(Data excerpts)
<<<<

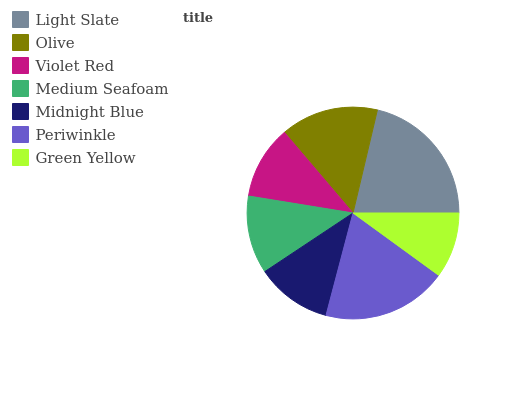Is Green Yellow the minimum?
Answer yes or no. Yes. Is Light Slate the maximum?
Answer yes or no. Yes. Is Olive the minimum?
Answer yes or no. No. Is Olive the maximum?
Answer yes or no. No. Is Light Slate greater than Olive?
Answer yes or no. Yes. Is Olive less than Light Slate?
Answer yes or no. Yes. Is Olive greater than Light Slate?
Answer yes or no. No. Is Light Slate less than Olive?
Answer yes or no. No. Is Medium Seafoam the high median?
Answer yes or no. Yes. Is Medium Seafoam the low median?
Answer yes or no. Yes. Is Light Slate the high median?
Answer yes or no. No. Is Midnight Blue the low median?
Answer yes or no. No.

>>>>

> _DIRECTIONS_:
Tally the lines of the data that include the word "Olive". Reply with the number only.

> _EXERCISE ANSWER_:
6